Tamar, who is working as a senior invigilator at Mary Immaculate as well as doing translation work, thanked the delegates for passing the motion supporting the Palestinian people who, she said, had one of the highest literacy rates in the world before the war began.
“We were proud of our education system but now all the universities have been completely destroyed or are being destroyed,” she said.
Referencing the description of the conflict by Helen McEntee on Wednesday as “a war on children”, she said 15,000 of an estimated 51,000 Palestinian dead are minors.
Those numbers, she said, would proportionally equate to 37,000 and 127,000 if the Palestinian population was the same as the Irish one.
The region now has more child amputees per capita than any other area in the world, she said, and hundreds of thousands of people of all ages are traumatised by what they have lived through.
“Can you put yourselves in our position?” she asked.

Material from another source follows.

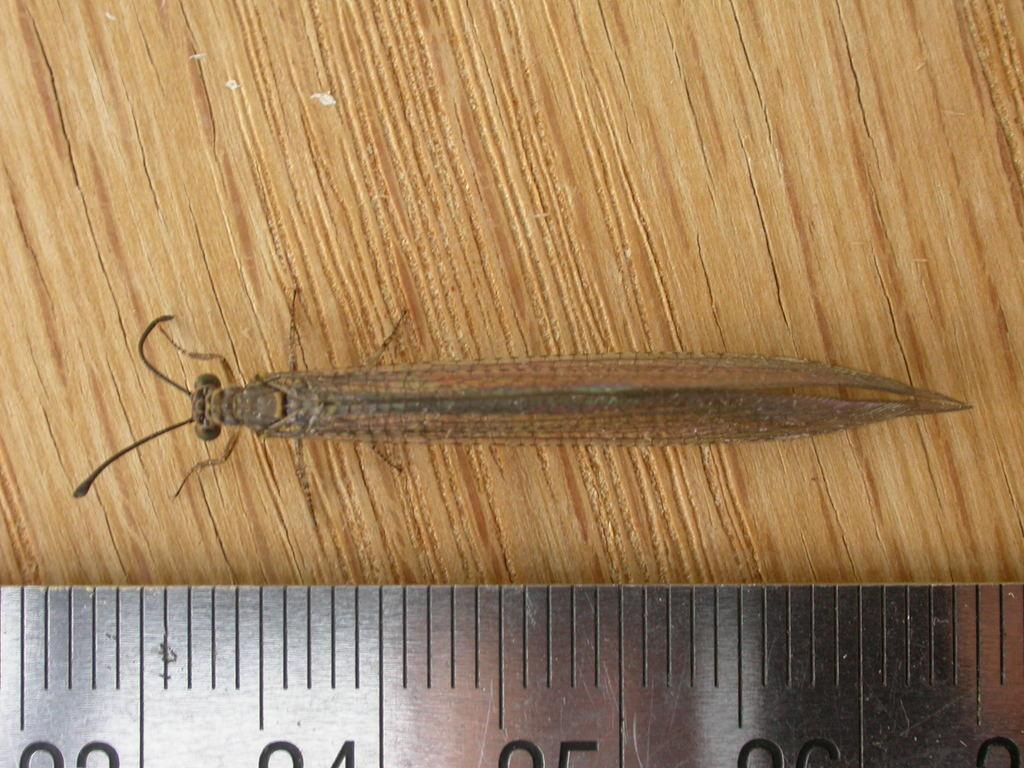What is the main object in the image? There is a measuring scale in the image. What else can be seen in the image besides the measuring scale? There is an insect in the image. Where is the insect located in the image? The insect is on a wooden platform. What type of connection is the insect making with the measuring scale in the image? There is no indication in the image that the insect is making any connection with the measuring scale.

She thanked the Irish for their continuing support but asked people to ask themselves: “Am I doing my best to stop this?”
People would look back, she suggested, and think “it was a shame for educated people to allow something like this to happen”.
In the meantime, she asked people to continue protesting for the people of Palestine, and she called for a boycott of Israel.
While Palestine was in constant danger of slipping down the international agenda in the face of competing crises elsewhere, she said “we need your help”.
Responding to Ms McEntee’s address on Wednesday, TUI president David Waters, who had previously emphasised the union’s condemnation of the events of October 7th, 2023, said: “the Netanyahu government has long abandoned any civility or moral compass as evidenced by the continued murderous bombing of Gaza”.